I have a HDF5 file with three datasets; one containing names and the other two containing associated values. The datasets are large with almost 100,000,000 elements each. I'd like to print the top 300 name-value pairs to a file in tab-delimited format, however, I'm having an issue with implementing my solution.
I want to combine the three datasets into a three-dimensional numpy array, so that I can sort the values by the second column and pull out the top 300 rows. However, my program doesn't appear to be able to construct the three-dimensional numpy array, at least not in a reasonable runtime.
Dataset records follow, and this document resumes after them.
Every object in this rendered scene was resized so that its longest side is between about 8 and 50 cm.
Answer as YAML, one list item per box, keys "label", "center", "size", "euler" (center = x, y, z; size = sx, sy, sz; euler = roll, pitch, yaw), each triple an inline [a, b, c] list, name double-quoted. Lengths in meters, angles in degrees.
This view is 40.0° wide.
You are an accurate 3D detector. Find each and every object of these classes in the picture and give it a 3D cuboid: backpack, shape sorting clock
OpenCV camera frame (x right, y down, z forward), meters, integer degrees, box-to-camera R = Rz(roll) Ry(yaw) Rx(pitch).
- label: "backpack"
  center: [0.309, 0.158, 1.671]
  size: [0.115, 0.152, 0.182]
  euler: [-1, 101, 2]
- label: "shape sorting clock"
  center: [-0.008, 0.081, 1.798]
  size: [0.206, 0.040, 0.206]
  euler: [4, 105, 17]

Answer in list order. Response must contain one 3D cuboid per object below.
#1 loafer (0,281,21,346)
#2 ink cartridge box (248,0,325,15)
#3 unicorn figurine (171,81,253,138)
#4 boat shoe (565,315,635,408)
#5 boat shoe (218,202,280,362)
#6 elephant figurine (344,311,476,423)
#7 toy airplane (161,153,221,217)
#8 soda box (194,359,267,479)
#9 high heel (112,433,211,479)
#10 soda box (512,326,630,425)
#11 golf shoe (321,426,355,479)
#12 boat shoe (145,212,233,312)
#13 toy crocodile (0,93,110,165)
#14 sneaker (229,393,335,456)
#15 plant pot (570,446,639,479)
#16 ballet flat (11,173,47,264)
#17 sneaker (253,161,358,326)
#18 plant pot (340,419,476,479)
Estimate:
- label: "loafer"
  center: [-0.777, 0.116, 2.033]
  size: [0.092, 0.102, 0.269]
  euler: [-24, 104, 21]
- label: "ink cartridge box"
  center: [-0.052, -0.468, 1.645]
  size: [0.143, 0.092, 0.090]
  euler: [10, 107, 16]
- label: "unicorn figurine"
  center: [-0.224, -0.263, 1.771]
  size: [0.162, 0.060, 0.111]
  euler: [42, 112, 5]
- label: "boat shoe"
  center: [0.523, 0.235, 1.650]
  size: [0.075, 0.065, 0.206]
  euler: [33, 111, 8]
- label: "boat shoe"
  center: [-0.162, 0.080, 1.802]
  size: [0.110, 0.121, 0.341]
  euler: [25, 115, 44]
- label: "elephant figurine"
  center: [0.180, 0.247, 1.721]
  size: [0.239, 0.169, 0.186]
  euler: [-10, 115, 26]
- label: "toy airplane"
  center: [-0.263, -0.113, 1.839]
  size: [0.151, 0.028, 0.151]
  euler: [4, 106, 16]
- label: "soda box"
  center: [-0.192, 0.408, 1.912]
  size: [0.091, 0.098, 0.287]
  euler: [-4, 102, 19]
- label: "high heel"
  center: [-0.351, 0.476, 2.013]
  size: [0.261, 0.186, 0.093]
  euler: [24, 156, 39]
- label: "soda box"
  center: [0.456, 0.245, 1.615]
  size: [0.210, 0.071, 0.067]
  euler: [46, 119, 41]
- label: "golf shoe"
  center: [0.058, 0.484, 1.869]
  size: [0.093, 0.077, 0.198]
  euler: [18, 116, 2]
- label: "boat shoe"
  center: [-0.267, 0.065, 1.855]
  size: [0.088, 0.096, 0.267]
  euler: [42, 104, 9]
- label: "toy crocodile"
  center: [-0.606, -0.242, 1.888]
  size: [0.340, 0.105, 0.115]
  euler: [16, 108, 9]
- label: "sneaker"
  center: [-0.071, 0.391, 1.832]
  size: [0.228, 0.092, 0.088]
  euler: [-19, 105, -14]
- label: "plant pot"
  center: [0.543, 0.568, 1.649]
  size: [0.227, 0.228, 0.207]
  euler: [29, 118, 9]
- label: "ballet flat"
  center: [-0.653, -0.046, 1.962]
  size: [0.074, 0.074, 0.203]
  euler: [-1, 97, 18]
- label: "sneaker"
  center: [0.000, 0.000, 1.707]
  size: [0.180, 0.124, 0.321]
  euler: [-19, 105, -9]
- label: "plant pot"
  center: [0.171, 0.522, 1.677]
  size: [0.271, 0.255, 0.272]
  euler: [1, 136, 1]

My code is seen below.
#!/usr/bin/env python3
# Importing modules.
import h5py
import numpy as np
# Creating path for HDF5 file.
HDF5_PATH = ('/path/to/hdf5_file.hdf5')
# Creating path for outfile.
OUTFILE_PATH = ('/path/to/outfile.tsv')
# Loading HDF5 file.
hdf5_file = h5py.File(HDF5_PATH, 'r')
# Getting 3D array of datasets.
print('Building array')
hdf5_arr = np.array([hdf5_file['col_1'], hdf5_file['col_2'], hdf5_file['col_3']])
# Getting top 300 rows by second column.
print('Getting top 300 values')
top_300_arr = hdf5_arr[np.argpartition(hdf5_arr, axis=1)]
# Printing top 300 rows.
print('Printing top 300 values')
with open(OUTFILE_PATH, 'a') as outfile:
np.savetxt(outfile, top_300_arr, delimiter="\t", fmt='%s')
I've added print statements to monitor progress, and currently, my code prints out Building array
and doesn't appear to progress for at least an hour. That would mean that my issues is with the line hdf5_arr = np.array([hdf5_file['col_1'], hdf5_file['col_2'], hdf5_file['col_3']])
. Is there any way I can improve my code so that it can work in a suitable runtime?